(Data under study)

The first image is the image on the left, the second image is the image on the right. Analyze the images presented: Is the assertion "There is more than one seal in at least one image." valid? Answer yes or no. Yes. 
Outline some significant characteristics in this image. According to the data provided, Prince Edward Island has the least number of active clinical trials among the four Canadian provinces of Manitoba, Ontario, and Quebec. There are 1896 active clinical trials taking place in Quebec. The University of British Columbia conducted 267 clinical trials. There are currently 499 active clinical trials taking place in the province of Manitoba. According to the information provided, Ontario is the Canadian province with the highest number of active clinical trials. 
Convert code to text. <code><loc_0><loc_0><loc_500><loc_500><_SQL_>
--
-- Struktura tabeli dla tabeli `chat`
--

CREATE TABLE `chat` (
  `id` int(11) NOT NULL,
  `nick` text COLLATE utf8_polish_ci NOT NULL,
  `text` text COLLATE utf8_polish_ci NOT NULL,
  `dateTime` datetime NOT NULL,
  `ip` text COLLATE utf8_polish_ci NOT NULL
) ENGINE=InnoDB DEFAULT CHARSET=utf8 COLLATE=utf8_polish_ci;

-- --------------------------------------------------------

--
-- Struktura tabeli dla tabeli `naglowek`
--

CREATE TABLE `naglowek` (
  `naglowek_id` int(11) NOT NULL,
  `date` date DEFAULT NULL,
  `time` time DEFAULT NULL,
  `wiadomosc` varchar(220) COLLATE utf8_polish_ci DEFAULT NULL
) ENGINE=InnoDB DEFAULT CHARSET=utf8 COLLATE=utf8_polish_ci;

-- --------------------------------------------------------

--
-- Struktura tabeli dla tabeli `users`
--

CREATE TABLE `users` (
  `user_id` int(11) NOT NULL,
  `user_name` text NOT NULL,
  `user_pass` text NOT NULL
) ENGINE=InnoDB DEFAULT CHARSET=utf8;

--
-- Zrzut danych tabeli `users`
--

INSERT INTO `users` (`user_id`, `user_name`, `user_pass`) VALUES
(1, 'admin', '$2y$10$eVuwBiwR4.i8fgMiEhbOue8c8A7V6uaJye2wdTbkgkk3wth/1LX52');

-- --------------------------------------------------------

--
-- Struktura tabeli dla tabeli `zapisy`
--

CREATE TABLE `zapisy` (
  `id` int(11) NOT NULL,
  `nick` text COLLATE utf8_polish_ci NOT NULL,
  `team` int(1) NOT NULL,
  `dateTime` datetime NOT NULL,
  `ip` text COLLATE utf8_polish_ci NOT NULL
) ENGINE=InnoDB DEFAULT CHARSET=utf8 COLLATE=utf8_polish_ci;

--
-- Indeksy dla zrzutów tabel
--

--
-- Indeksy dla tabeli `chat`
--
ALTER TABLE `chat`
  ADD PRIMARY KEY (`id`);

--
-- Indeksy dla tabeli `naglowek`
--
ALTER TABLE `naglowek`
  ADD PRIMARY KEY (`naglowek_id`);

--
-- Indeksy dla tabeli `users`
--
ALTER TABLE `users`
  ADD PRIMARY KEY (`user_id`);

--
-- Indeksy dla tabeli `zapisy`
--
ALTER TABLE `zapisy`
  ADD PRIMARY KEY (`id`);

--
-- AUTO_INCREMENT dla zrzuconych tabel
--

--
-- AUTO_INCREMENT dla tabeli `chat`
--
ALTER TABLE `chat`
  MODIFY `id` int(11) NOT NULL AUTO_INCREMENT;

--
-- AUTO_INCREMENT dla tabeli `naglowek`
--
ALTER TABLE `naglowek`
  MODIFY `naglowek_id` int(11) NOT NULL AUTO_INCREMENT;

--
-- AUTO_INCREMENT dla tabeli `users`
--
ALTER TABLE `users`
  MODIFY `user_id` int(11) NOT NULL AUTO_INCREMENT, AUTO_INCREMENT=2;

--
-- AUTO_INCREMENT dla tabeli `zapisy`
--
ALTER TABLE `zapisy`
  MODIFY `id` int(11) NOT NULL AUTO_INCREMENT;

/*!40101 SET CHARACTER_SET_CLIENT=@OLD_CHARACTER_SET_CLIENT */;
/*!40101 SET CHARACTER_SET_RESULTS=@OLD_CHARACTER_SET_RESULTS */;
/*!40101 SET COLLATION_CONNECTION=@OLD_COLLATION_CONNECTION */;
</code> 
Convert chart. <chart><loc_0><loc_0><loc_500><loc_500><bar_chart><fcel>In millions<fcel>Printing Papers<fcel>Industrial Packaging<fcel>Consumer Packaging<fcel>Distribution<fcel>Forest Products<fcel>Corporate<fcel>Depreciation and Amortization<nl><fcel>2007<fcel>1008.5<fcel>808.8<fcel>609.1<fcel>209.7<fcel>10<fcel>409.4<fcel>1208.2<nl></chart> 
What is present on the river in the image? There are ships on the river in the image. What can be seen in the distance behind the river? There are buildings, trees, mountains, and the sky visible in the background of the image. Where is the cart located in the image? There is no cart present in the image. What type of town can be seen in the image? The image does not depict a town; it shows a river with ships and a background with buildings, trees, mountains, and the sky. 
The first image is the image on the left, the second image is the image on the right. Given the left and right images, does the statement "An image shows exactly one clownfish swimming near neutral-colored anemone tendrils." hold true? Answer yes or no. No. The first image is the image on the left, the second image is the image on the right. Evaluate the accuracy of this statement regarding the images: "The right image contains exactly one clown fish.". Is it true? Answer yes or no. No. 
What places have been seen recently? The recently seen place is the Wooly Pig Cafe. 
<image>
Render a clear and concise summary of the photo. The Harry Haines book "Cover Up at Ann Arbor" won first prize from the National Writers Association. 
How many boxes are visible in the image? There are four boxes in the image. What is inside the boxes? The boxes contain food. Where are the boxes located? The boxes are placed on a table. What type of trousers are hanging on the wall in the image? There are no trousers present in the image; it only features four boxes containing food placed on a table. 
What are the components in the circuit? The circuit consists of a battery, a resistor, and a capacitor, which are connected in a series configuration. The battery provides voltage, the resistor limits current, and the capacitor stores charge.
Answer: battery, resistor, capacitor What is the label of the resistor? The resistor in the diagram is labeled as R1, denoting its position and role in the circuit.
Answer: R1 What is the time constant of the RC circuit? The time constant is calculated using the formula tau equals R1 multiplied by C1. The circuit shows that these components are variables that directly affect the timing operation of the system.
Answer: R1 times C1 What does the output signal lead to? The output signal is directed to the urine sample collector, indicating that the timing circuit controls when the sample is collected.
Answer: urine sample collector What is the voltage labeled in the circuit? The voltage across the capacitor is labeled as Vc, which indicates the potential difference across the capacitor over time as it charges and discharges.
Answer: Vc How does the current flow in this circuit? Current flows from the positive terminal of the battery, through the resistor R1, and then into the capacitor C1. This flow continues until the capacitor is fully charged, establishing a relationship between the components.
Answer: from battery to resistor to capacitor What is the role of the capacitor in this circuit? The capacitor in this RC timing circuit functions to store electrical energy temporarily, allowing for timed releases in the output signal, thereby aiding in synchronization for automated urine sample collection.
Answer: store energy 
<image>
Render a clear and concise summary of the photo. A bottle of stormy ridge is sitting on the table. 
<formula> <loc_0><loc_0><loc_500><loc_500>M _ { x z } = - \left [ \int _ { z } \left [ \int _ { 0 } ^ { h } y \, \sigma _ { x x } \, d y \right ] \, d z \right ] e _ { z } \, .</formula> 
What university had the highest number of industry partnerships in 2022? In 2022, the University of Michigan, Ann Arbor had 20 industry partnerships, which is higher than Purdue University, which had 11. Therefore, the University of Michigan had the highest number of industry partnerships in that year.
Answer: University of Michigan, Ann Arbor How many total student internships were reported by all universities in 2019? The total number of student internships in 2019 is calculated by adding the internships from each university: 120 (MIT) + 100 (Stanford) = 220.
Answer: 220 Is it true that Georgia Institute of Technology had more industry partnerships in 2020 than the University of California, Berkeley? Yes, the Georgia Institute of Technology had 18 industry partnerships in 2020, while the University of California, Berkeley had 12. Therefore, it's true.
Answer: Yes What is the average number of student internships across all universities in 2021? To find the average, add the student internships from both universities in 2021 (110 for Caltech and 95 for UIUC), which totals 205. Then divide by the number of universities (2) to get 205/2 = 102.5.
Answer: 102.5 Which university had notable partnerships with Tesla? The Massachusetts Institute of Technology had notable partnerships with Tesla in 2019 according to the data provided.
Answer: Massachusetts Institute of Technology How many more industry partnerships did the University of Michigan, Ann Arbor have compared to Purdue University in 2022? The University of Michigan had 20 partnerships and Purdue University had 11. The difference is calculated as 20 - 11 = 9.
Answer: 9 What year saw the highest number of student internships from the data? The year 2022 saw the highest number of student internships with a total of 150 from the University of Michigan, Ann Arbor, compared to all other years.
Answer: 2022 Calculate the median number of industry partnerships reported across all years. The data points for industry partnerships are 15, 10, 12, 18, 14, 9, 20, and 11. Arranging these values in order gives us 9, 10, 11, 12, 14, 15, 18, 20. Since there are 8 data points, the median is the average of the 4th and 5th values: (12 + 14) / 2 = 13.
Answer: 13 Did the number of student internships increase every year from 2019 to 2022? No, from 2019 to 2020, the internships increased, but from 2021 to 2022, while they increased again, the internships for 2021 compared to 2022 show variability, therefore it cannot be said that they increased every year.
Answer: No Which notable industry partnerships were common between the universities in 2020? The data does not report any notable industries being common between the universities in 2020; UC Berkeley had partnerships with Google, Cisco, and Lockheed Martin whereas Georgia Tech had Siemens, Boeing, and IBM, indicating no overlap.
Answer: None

(End Data under study)

[Work task]
Lines holding the string "photo" must be copied out of the entries above.

[Exercise output]
Render a clear and concise summary of the photo. The Harry Haines book "Cover Up at Ann Arbor" won first prize from the National Writers Association. 
Render a clear and concise summary of the photo. A bottle of stormy ridge is sitting on the table. 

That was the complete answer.